Code for Decryption of secret message



This module performs the decryption of an AES-GCM encrypted message that was previously hidden within video frames. The process starts by retrieving the necessary cryptographic components stored in separate files: the encrypted message, initialization vector (IV), authentication tag, and salt—each encoded in Base64 format. The system uses the Password-Based Key Derivation Function (PBKDF2) along with SHA-256 hashing to derive a 256-bit AES key from a user-supplied password and the extracted salt. Once the key is derived, the AES cipher is initialized in Galois/Counter Mode (GCM) using the IV and tag to ensure both confidentiality and integrity of the message. The ciphertext is then decrypted, and the original plaintext message is recovered after removing any padding added during the encryption phase. Finally, the decrypted message is saved to a text file and displayed on the console for verification. This step is critical in reversing the encryption process and recovering the original hidden data securely.

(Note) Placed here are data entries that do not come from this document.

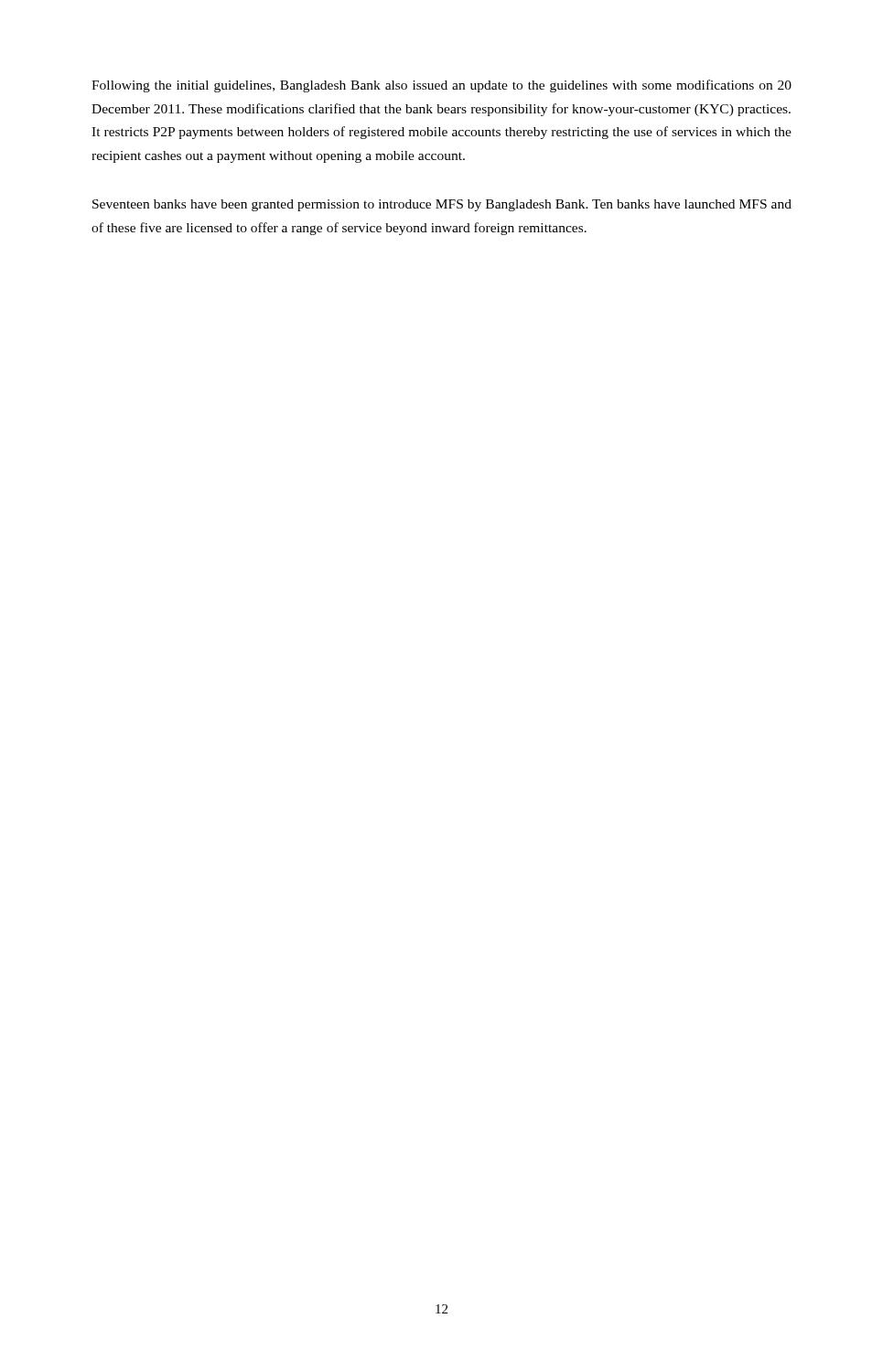Click on the passage starting "Following the initial guidelines, Bangladesh Bank also issued"
883x1372 pixels.
pos(442,120)
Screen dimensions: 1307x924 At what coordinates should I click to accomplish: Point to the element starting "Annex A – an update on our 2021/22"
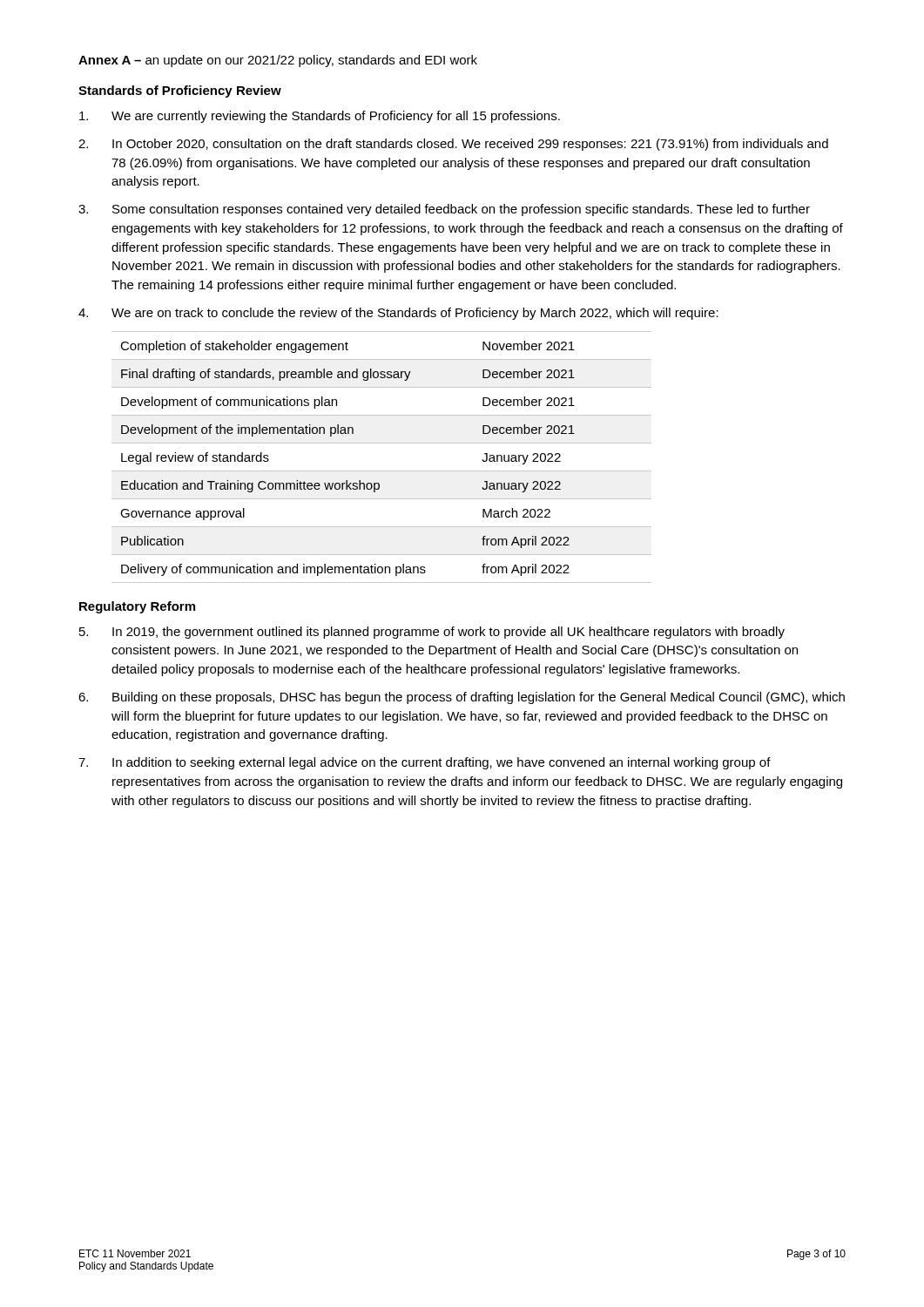278,60
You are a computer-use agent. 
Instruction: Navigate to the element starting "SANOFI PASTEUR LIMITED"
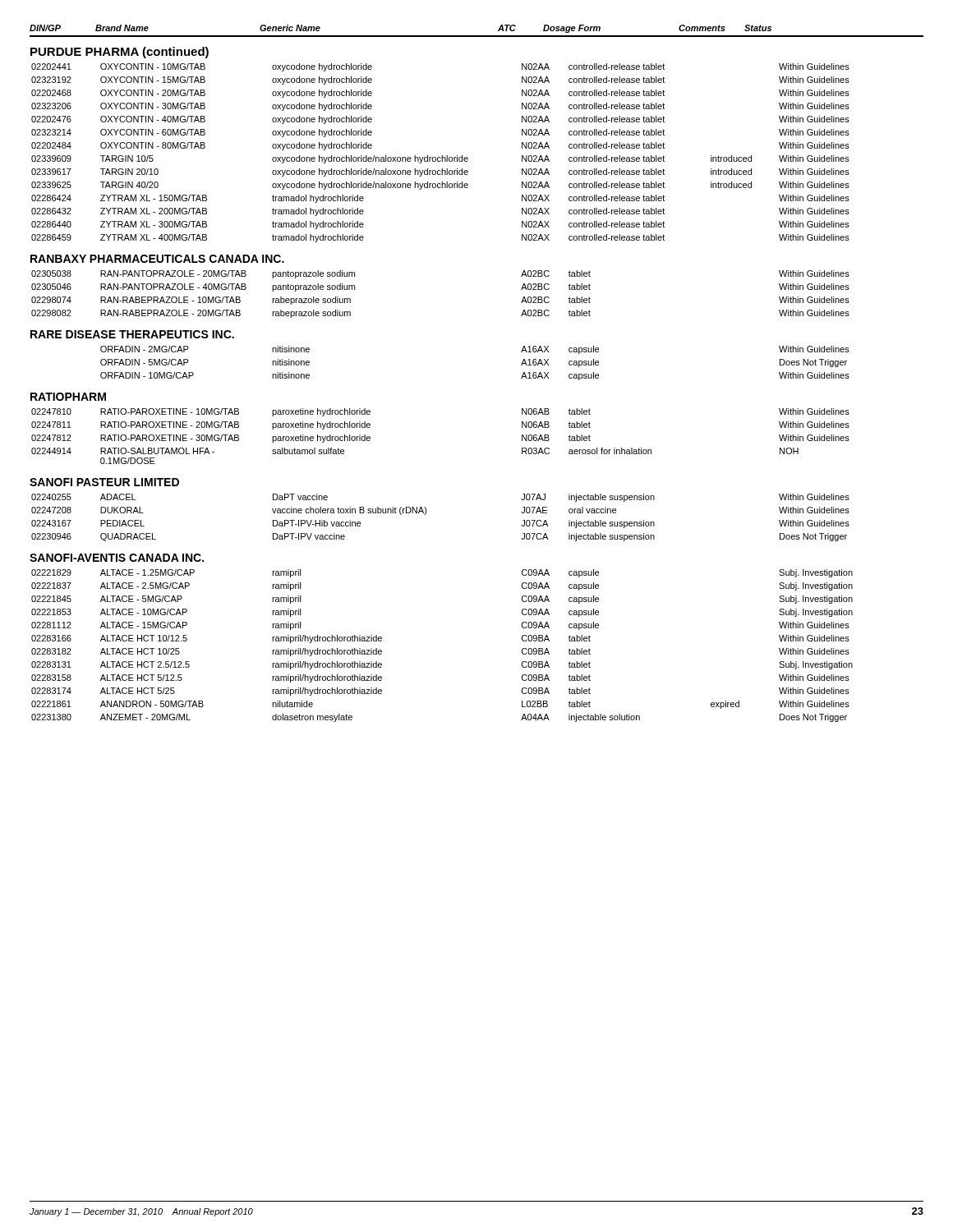pos(105,482)
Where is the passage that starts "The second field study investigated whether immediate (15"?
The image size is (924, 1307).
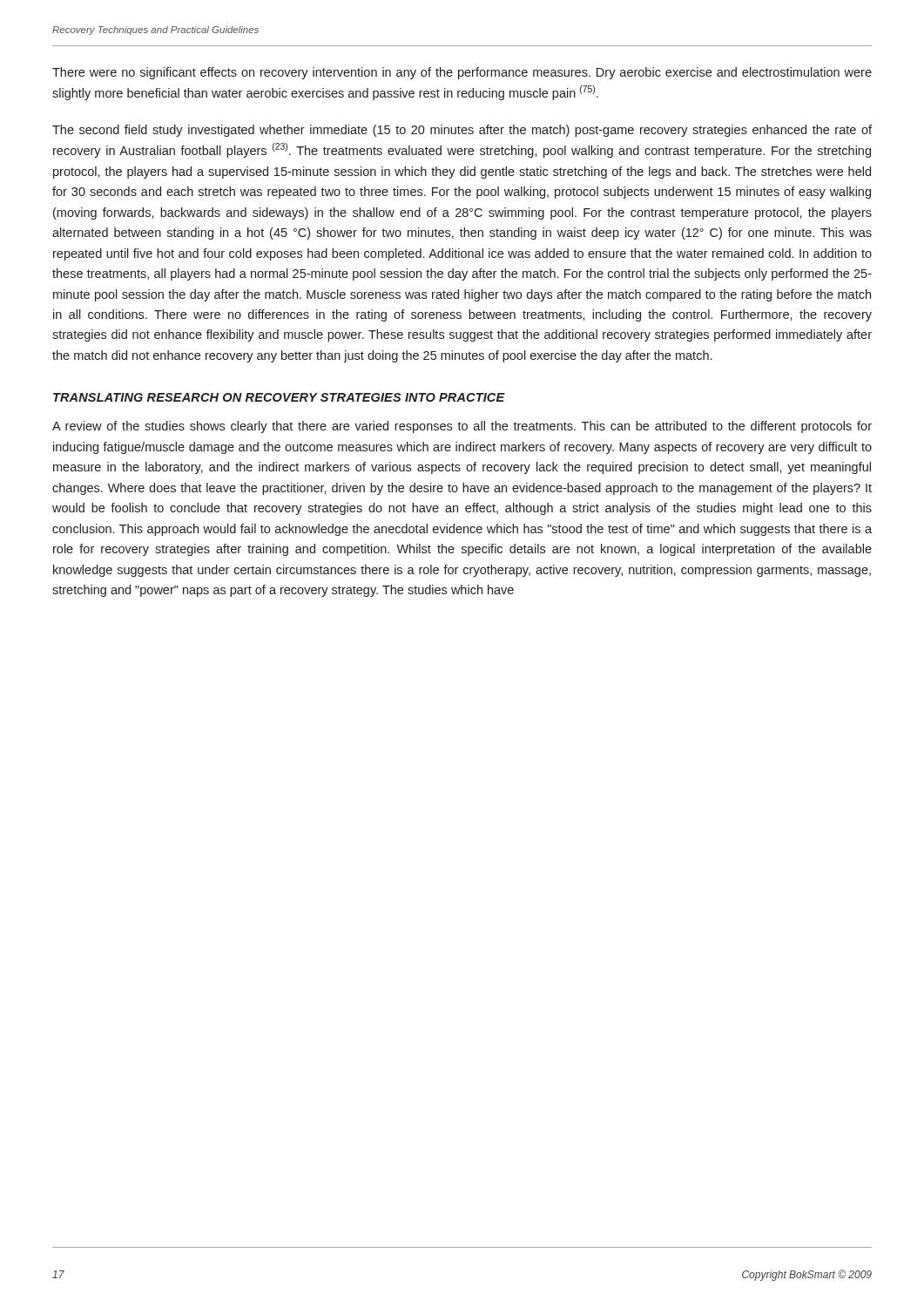click(462, 243)
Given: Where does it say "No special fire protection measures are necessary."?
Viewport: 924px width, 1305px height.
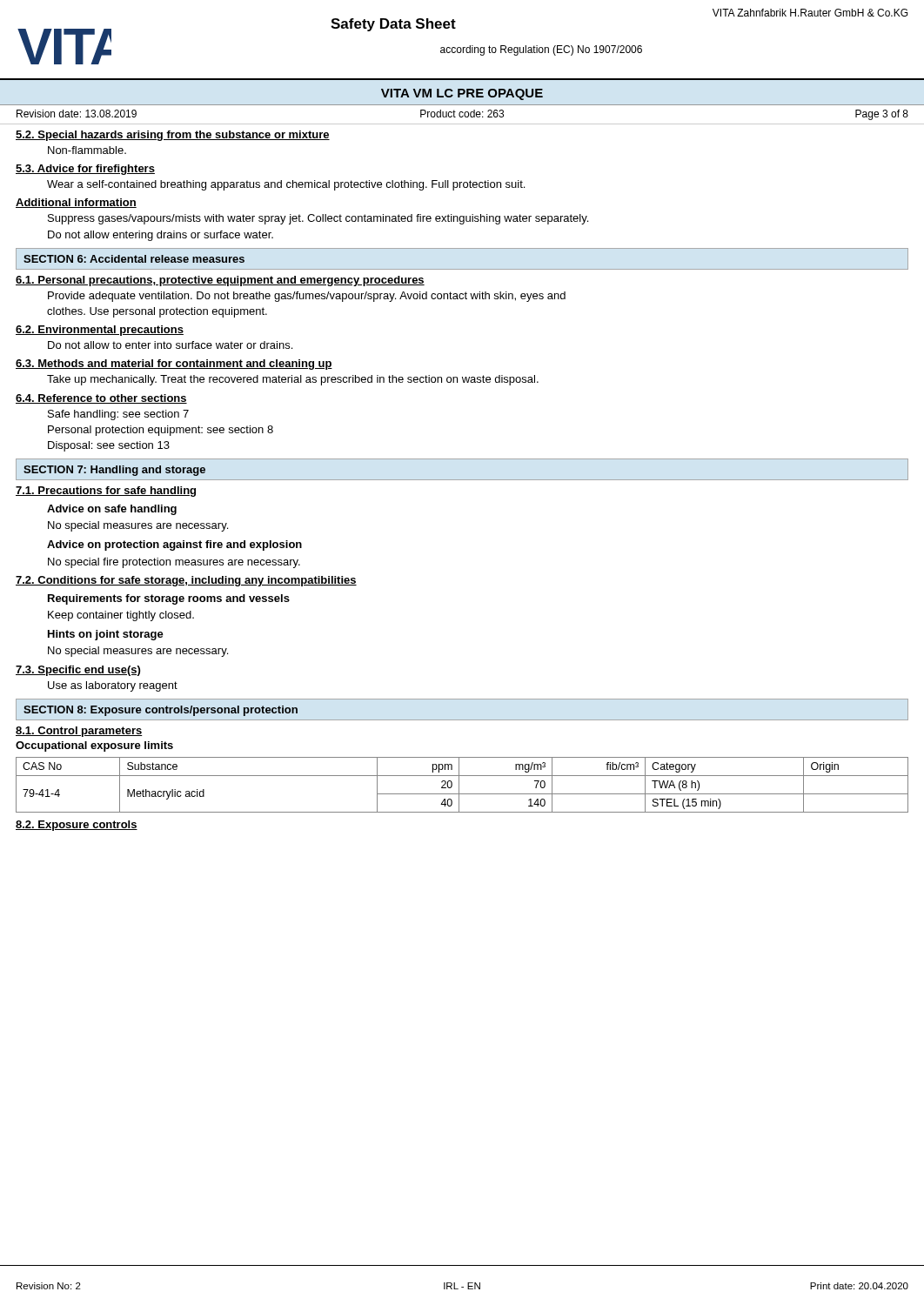Looking at the screenshot, I should (174, 561).
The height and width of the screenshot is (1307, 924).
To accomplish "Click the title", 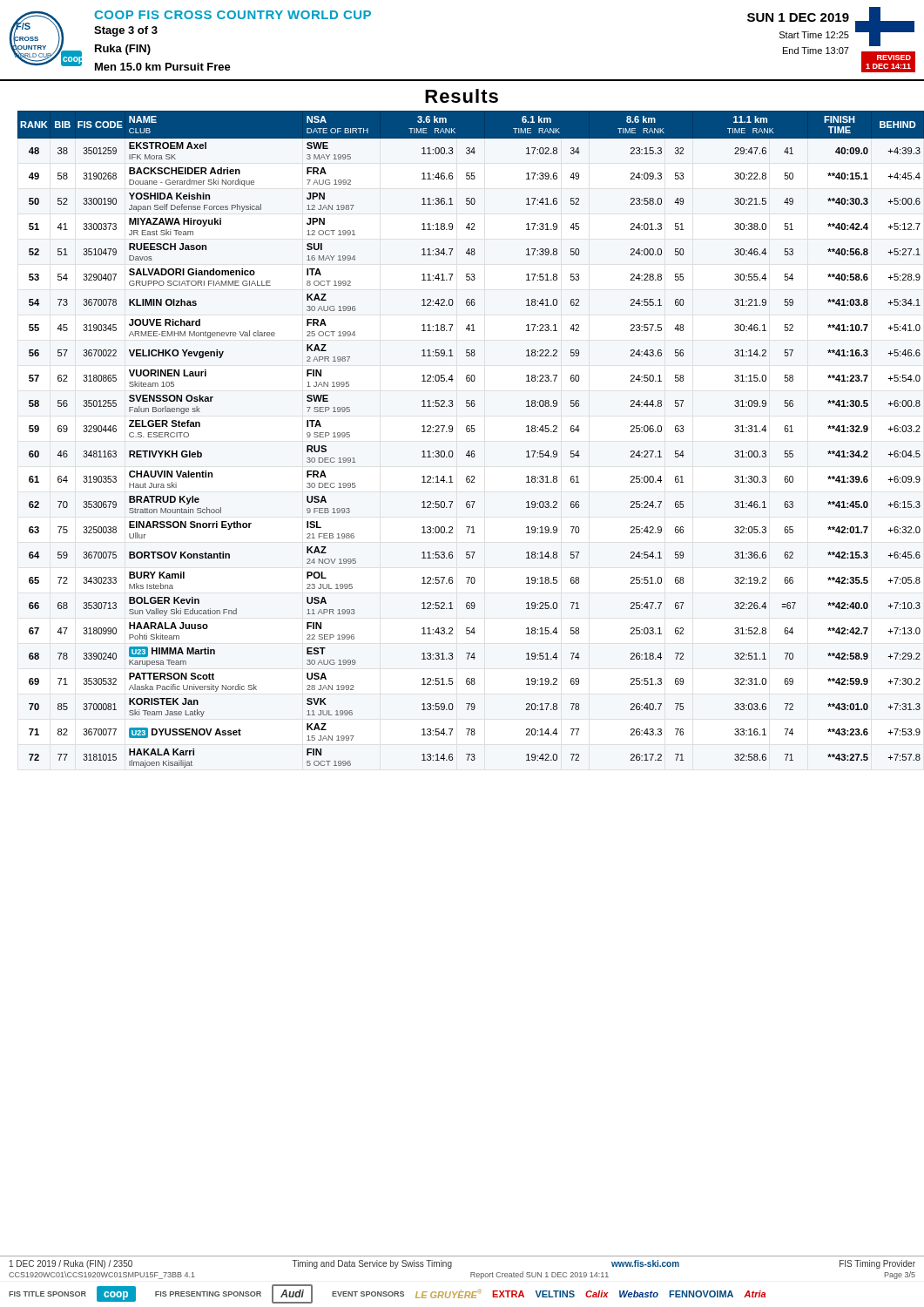I will click(462, 97).
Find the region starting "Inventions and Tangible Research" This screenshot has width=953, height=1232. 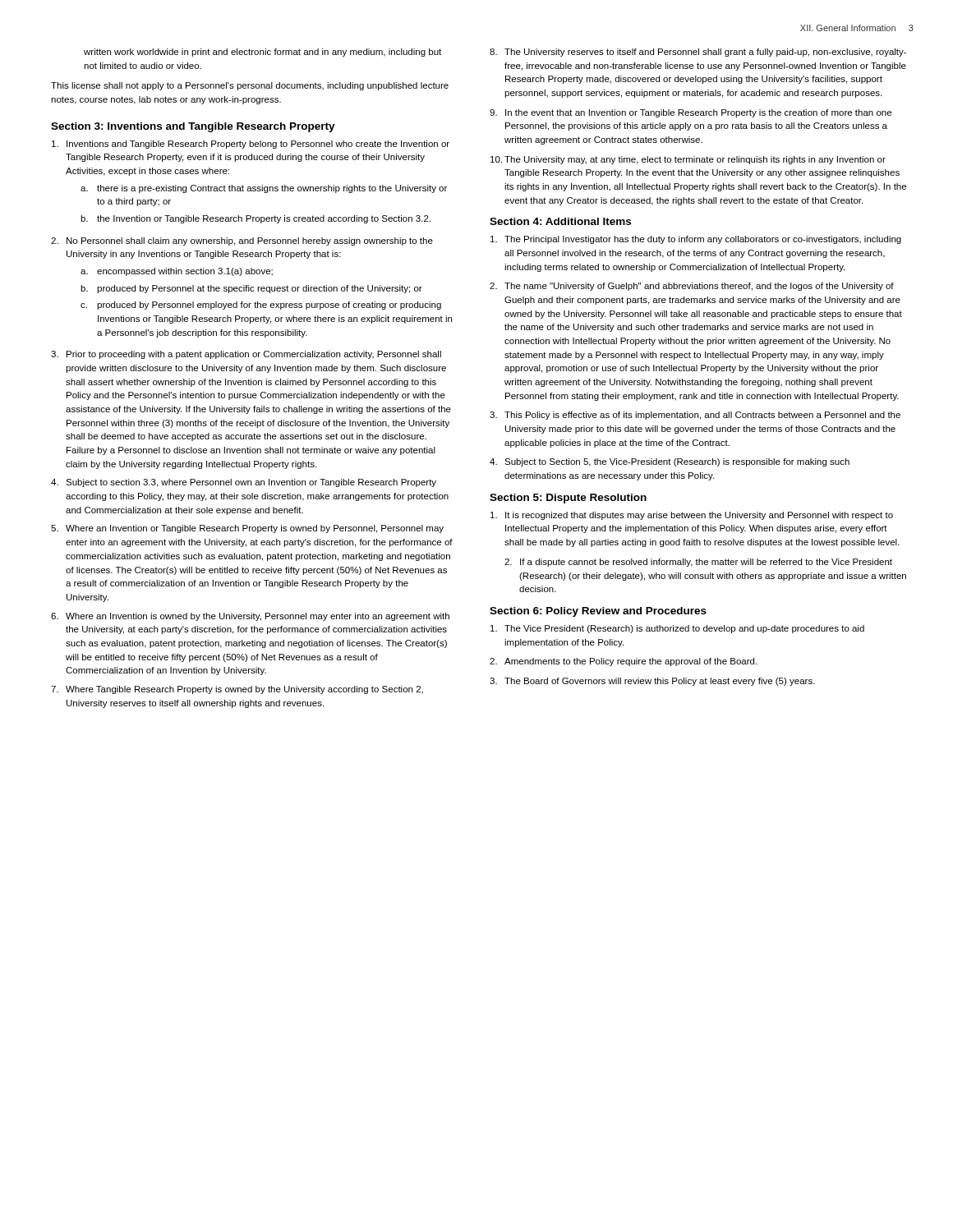click(x=252, y=183)

Implementation Highlights:

  • AES-GCM Decryption: Utilized the AES cipher in Galois/Counter Mode (GCM) for secure and authenticated decryption of the embedded message.
  • Key Derivation using PBKDF2: Generated a 256-bit AES key from a password using PBKDF2HMAC with SHA-256 and a randomly generated salt to enhance security against brute-force attacks.
  • Base64 Encoding/Decoding: Handled all cryptographic components (ciphertext, IV, tag, salt) using Base64 encoding for file-safe storage and reliable transmission.
  • Secure Unpadding: Applied PKCS7 unpadding after decryption to retrieve the original plaintext message without padding artifacts.
  • Modular File Handling: Segregated encrypted data and cryptographic parameters into individual files, improving clarity, modularity, and debugging convenience.
  • Error Handling: Wrapped the decryption logic in a try-except block to handle exceptions gracefully and display appropriate error messages.

Output


The image shows a steganalysis comparison



After LSB-based embedding, the stego video retained high visual similarity to the cover video, with negligible perceptual distortion. Quantitative analysis using metrics like PSNR (Peak Signal-to-Noise Ratio) showed values above 40 dB, indicating high fidelity. Histogram analysis revealed minimal distributional changes, and noise variance in stego frames remained close to cover frames, further proving subtle embedding. The steganalysis module verified the robustness of the embedding process by confirming the presence of hidden data through detectable yet minimal differences. Overall, the system achieved a successful balance between imperceptibility, security, and reliability, making it suitable for secure video data transmission and privacy-preserving applications.

Conclusion


The project successfully demonstrates a secure and efficient method for embedding encrypted text into a video using a combination of AES-CBC encryption and LSB steganography. By applying cryptographic encryption before the embedding process, the system ensures that even if the hidden data is extracted, it remains unreadable without the decryption key and initialization vector. The use of video frames as a medium for steganography offers a large capacity for hidden data, while the LSB method preserves the perceptual quality of the original video, making the modifications virtually imperceptible to the human eye. Throughout the implementation, care was taken to ensure data integrity, maintain synchronization between frames, and securely manage the encryption parameters. The system can be extended for secure message transmission, digital watermarking, and other privacy-preserving multimedia applications. In conclusion, this approach provides a two-layered security model that combines the confidentiality of cryptography with the concealment of steganography, offering a practical solution for covert communication in digital media.